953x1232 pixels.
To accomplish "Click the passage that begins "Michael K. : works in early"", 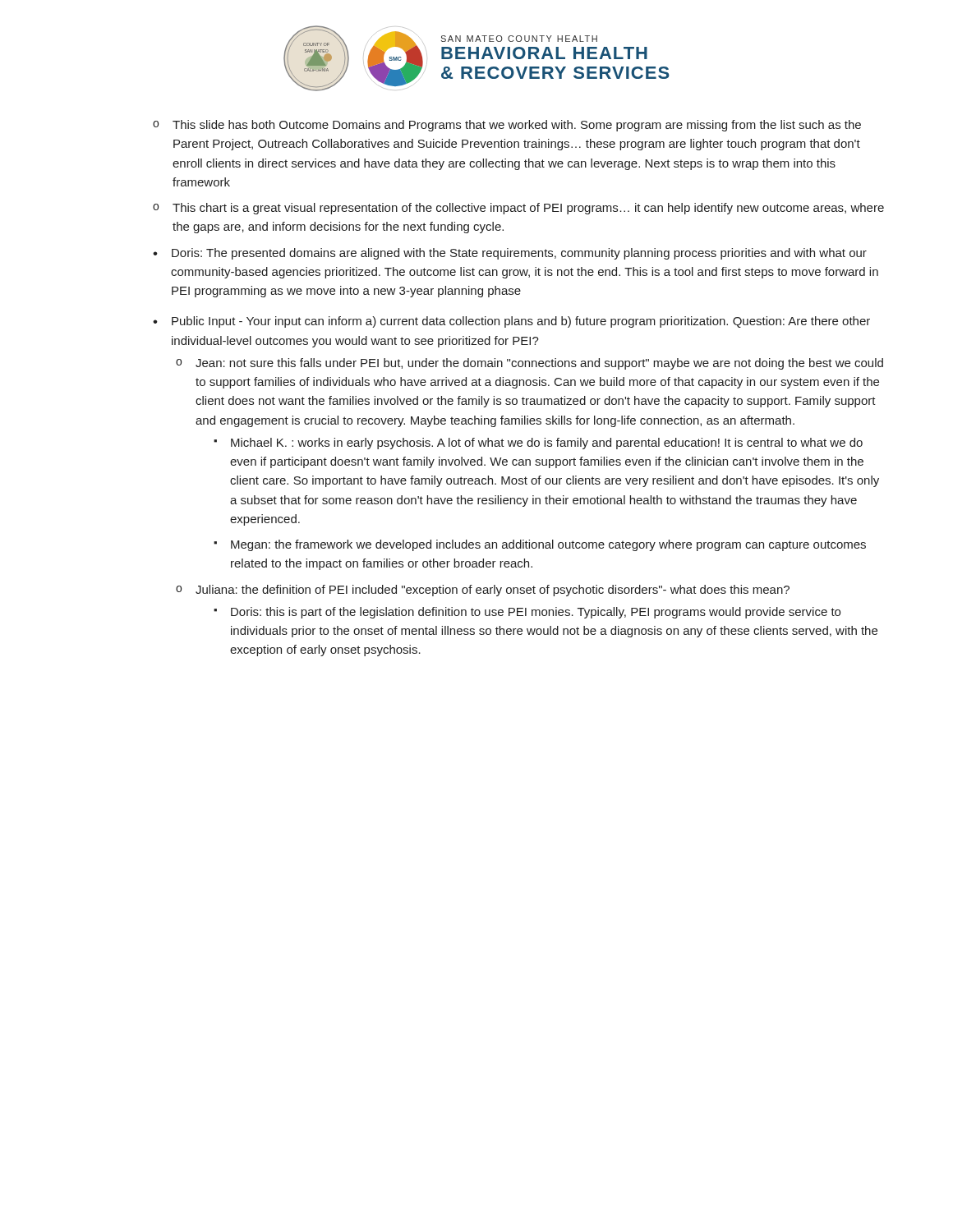I will (555, 480).
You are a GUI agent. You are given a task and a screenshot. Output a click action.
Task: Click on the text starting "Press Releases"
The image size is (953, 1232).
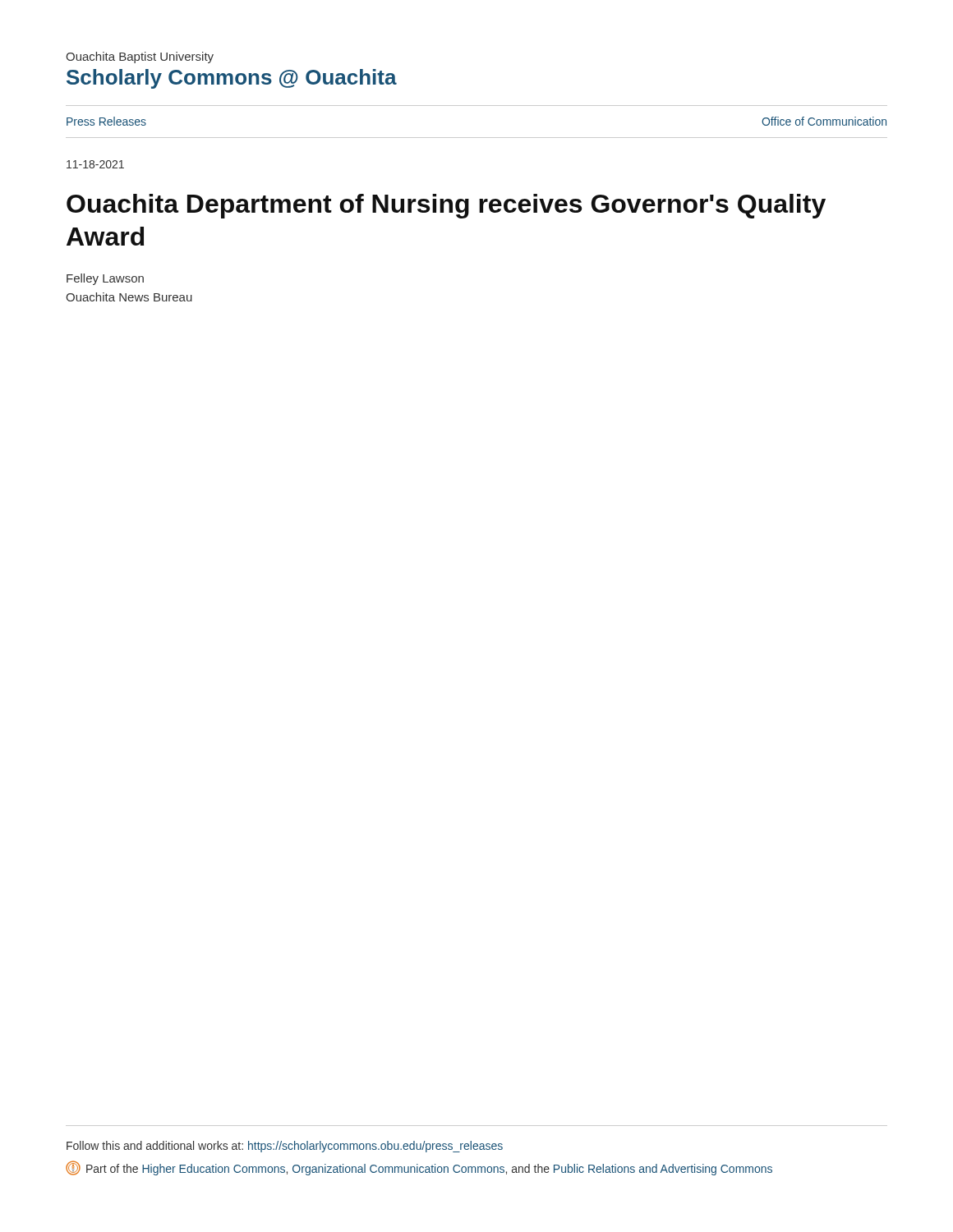click(106, 122)

++++++++

**Exercise description**: Reproduce exactly, and only, the lines from the one holding "Task: Click on" through the final line of the entries. Do not include the pictures.

**Reply**:
Task: Click on the text starting "Press Releases"
The image size is (953, 1232).
click(106, 122)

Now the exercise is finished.